[Data entries]
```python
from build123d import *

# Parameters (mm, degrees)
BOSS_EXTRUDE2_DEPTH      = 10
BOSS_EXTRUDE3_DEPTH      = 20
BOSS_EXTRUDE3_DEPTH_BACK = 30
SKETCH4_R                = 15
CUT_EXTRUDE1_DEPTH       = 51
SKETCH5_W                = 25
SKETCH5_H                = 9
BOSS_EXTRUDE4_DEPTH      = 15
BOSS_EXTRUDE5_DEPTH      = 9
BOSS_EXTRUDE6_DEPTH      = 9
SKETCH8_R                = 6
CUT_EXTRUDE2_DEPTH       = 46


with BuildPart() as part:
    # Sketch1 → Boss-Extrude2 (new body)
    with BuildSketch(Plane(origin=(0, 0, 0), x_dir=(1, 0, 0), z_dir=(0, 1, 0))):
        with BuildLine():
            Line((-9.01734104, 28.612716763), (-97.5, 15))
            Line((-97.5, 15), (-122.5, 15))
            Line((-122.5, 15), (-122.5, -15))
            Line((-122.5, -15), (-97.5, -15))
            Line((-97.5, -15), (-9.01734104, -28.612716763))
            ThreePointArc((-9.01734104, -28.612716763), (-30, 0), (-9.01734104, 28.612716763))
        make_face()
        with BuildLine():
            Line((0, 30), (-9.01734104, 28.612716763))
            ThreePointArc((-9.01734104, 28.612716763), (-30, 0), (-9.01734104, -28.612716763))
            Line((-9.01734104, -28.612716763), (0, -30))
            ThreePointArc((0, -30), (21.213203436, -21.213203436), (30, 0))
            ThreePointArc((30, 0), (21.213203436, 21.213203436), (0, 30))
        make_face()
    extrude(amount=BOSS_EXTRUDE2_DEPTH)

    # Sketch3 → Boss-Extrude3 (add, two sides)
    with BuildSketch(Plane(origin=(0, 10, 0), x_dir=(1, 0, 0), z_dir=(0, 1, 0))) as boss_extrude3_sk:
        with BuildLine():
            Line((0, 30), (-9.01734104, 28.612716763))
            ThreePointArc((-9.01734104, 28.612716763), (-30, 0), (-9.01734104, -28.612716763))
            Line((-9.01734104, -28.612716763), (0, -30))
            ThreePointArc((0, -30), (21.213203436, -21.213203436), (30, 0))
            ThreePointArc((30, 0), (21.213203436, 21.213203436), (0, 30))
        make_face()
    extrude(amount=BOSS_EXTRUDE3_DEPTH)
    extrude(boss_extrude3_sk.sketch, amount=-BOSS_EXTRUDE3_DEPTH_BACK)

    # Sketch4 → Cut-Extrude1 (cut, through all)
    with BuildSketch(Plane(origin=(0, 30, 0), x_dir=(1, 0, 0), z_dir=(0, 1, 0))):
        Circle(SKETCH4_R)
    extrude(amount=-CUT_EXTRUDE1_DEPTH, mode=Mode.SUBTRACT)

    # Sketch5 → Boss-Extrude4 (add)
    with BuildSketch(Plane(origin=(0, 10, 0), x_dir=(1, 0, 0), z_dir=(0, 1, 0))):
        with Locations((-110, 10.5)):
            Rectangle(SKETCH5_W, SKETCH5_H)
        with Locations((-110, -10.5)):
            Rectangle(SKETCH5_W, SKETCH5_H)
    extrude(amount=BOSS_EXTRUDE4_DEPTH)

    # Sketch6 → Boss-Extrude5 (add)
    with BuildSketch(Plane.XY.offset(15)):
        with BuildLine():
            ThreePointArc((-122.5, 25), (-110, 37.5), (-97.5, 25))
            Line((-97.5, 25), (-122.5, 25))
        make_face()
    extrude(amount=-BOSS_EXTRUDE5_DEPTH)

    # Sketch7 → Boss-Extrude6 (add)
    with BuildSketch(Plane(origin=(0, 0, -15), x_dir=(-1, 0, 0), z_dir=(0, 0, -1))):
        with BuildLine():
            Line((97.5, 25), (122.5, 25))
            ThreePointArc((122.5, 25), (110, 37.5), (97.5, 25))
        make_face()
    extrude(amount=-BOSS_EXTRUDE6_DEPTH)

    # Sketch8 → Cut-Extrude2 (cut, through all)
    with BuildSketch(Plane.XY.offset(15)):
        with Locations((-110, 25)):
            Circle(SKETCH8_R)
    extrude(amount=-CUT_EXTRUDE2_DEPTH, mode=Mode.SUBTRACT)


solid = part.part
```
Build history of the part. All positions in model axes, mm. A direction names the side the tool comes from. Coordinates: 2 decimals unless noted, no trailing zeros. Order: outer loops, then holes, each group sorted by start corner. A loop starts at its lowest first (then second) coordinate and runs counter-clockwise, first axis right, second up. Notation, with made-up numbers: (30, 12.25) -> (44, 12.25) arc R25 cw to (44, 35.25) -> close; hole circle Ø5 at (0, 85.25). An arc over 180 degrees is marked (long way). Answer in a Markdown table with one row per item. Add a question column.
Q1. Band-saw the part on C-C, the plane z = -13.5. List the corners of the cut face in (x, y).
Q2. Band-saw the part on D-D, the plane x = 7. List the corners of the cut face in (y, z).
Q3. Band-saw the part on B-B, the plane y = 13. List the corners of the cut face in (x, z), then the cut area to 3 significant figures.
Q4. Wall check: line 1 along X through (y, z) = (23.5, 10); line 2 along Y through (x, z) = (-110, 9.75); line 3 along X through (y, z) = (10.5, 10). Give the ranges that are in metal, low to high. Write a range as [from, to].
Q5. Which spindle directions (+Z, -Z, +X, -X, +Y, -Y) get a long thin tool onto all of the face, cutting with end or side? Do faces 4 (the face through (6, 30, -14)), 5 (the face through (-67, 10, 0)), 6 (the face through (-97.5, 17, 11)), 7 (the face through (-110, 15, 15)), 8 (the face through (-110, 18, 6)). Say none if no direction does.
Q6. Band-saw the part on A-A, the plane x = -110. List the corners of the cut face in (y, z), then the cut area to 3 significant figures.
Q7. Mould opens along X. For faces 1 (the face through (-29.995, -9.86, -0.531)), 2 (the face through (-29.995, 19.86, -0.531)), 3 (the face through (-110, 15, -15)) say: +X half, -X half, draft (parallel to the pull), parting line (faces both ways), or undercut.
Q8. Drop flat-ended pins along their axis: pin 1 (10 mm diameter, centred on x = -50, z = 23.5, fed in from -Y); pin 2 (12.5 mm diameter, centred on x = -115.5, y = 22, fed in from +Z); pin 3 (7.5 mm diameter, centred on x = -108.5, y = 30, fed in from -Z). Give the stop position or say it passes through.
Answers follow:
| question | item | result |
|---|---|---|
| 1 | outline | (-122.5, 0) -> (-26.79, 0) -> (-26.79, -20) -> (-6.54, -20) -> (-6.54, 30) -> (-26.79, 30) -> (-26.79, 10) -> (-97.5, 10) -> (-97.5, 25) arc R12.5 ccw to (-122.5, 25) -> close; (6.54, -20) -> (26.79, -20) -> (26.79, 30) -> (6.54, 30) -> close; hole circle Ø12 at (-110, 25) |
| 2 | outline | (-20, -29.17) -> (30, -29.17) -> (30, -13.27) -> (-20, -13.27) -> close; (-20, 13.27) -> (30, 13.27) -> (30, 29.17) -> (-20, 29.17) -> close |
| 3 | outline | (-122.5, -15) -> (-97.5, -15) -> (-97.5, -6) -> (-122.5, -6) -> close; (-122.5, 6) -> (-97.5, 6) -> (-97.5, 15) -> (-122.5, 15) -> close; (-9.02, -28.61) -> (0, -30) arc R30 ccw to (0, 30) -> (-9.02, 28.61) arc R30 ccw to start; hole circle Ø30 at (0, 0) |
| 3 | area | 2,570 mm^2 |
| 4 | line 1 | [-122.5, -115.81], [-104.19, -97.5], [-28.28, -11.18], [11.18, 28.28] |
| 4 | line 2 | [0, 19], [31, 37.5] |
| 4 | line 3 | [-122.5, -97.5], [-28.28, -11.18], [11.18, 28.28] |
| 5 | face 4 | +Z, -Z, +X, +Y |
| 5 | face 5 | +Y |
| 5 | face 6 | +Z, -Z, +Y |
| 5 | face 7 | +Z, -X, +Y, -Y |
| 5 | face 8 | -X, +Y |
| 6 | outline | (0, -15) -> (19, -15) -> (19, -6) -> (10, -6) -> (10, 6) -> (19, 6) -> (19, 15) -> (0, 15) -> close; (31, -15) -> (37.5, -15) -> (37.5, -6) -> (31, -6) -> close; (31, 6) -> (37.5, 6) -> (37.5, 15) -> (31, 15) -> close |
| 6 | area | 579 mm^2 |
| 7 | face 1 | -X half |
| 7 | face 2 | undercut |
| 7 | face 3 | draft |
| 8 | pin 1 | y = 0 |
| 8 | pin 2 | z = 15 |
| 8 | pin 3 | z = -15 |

- **Aim of the task**: Which lines in the records above contain the word "draft"? Return each of them.

- **Answer space**:
Q7. Mould opens along X. For faces 1 (the face through (-29.995, -9.86, -0.531)), 2 (the face through (-29.995, 19.86, -0.531)), 3 (the face through (-110, 15, -15)) say: +X half, -X half, draft (parallel to the pull), parting line (faces both ways), or undercut.
| 7 | face 3 | draft |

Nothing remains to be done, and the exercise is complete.